Have you ever used Incognito Mode because you wanted to search for something weird, but you didn’t want it showing up in targeted ads? Or have you ever withheld a Like from a YouTube video, because although you enjoyed watching it, you weren’t really interested in being recommended more of the same? I have. And since I can’t hear you, I’ll assume you probably have too. People have gotten accustomed to the idea of “training” their computers to behave how they want, much like you’d train a dog or your nephew. And whether you study computer science or psychology or ecology or dog stuff, the principles of reinforcement learning are all about the same.
The reason you don’t search weird stuff while logged in or thumbs-up everything indiscriminately is that you’re trying to avoid setting the wrong example. But occasional slip ups are a fact of life. To compensate, many machine learning models offer mechanisms to deal with erroneous (”noisy”) labels in training data. The constraints of a soft margin SVM include a slack term that represents a trade-off between classification accuracy and resilience against mislabeled examples. Because computers can’t tell which of its training examples are mislabeled and which are simply unusual, it does the next best thing: each example can be rated based on how “believable” it is in comparison to other examples. Then, finding the optimal parameters is simply a matter of minimizing unbelievability.
Avoiding bad examples is in your best interest if you want the algorithm to give you the best recommendations. So, your YouTube Liked Videos list is probably only a rough approximation of the videos that you actually like1. Now, a computer algorithm won’t mind if you lie (a little) to it. But the real tragedy is that as a side effect, YouTube has effectively trained you, the user, to give Likes not to the videos you actually like, but to the kinds of videos you want recommendations for. In fact, most kinds of behavioral training induce this kind of reverse effect. The trainer lies a little bit to the trainee, in order to push the training in the right direction. And in return, the trainer drifts a little farther from the truth.

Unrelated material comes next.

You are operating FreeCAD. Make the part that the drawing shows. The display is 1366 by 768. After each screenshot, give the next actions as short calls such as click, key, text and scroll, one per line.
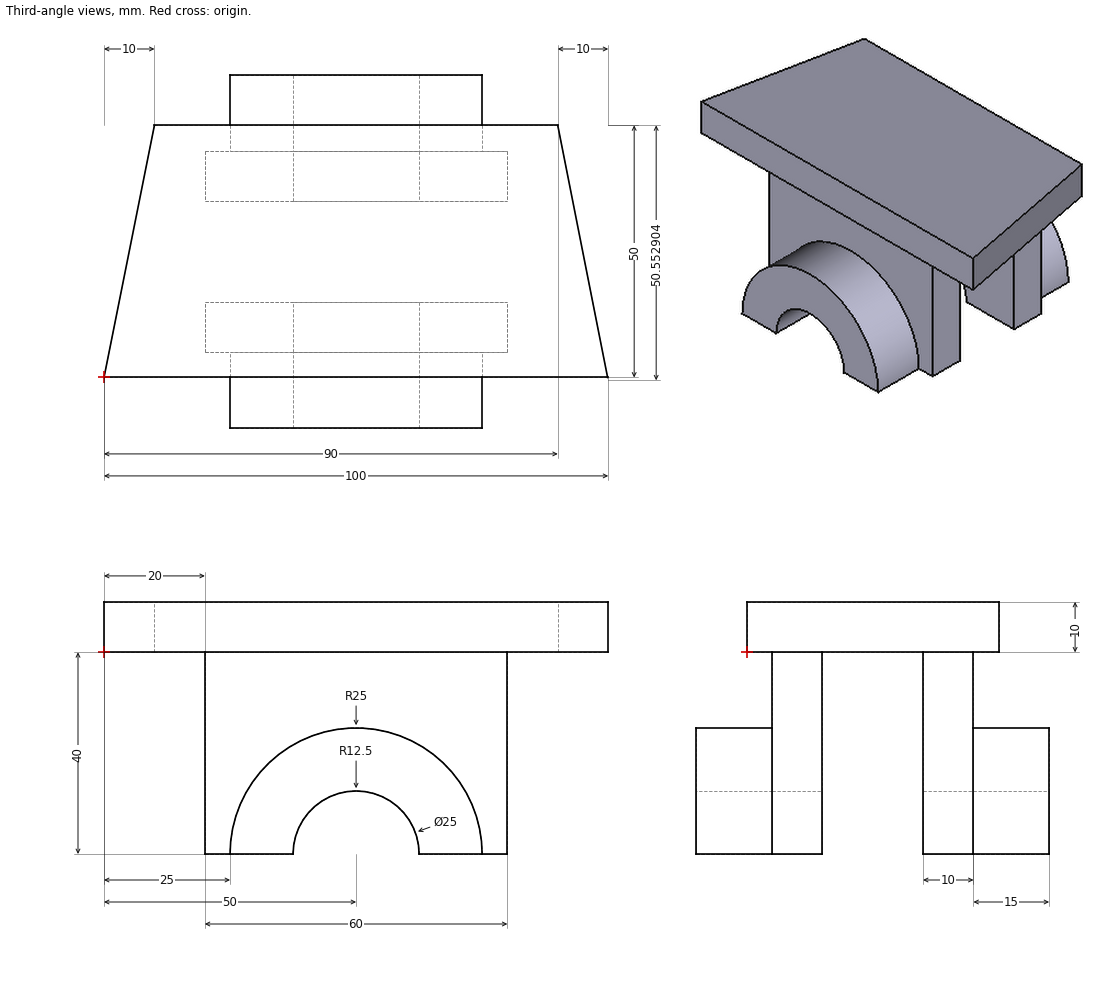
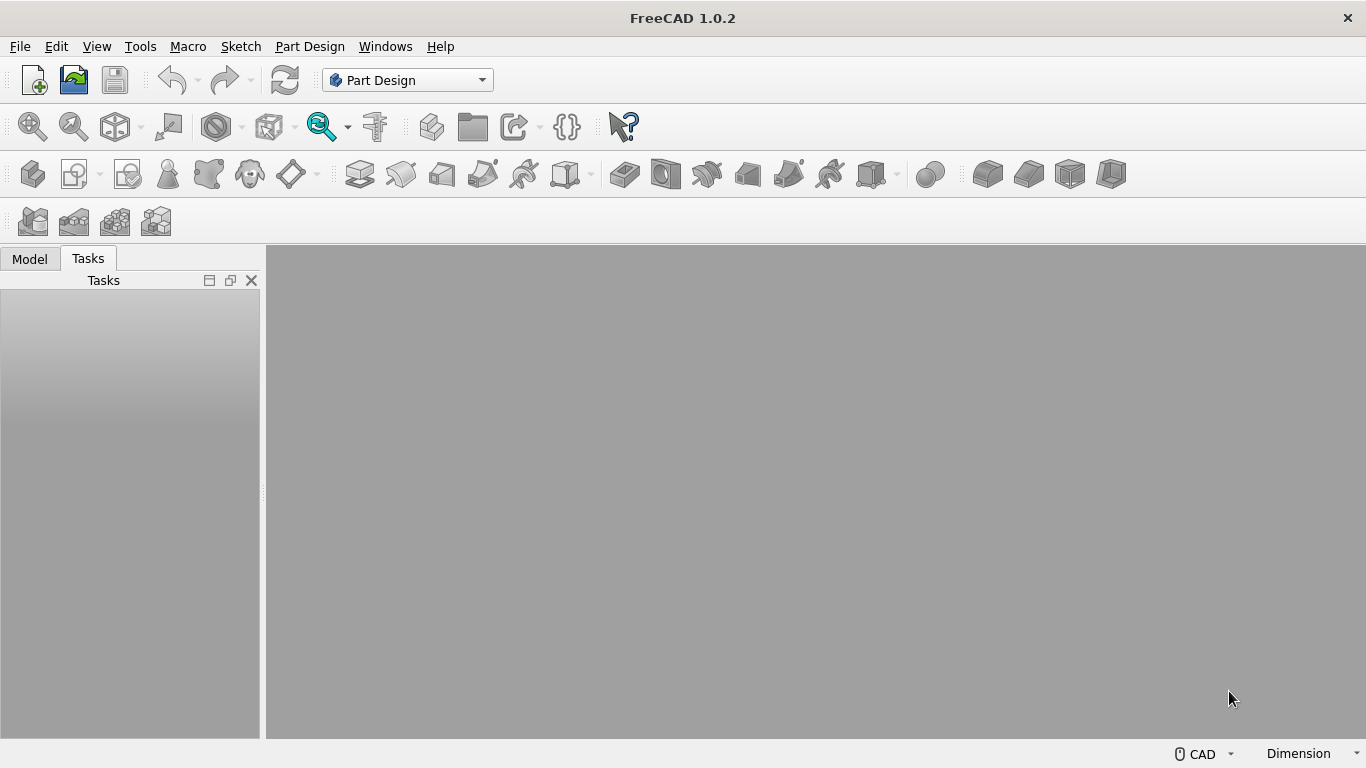
key(ctrl+n)

Parents do this to their children. Friends do it to their friends. Even if you try to be honest, the words you say and the reactions you make end up deviating ever so slightly from the truth, because you can’t help but think that your actions will end up somebody’s brain as subconscious behavioral training examples2. If your friend invites you to do something you don’t want to do, maybe you’ll say yes, or else they might not even ask next time. And if they say something you don’t like, maybe you’ll act angrier than you really are, so they won’t mention it ever again. Every decision starts with “how do I feel about this?”, but is quickly followed up with “how will others feel about my feeling about this?”. This isn’t plain old empathy. It’s true that human-to-human behavioral training helps people get along with each other. But when our words and actions are influenced by how we think they’ll affect someone else’s behavior, they end up being fundamentally just another form of lying. And unlike a computer recommendation algorithm, people might actually hate you for lying to them.
This has been weighing on my mind for a long time. I think it’s unbearably hard for adults to be emotionally honest with each other, even for close friends or family. But the problem isn’t with the words we say. Of course, people want others to think of them a certain way, whether it’s about your money or your job or your passions or romance or mental health. And people lie about those things all the time. That isn’t what keeps me up at night. What bothers me is that even when you’re trying your best to be absolutely honest with someone, you can’t. You say the right words, but they don’t sound right. You feel the right feelings, but your face isn’t cooperating. Your eyes get hazy from years of emotional cruft, and you’re no longer able to really see the person right in front of you. And it’s all because we spend every day training each other with almost-truths.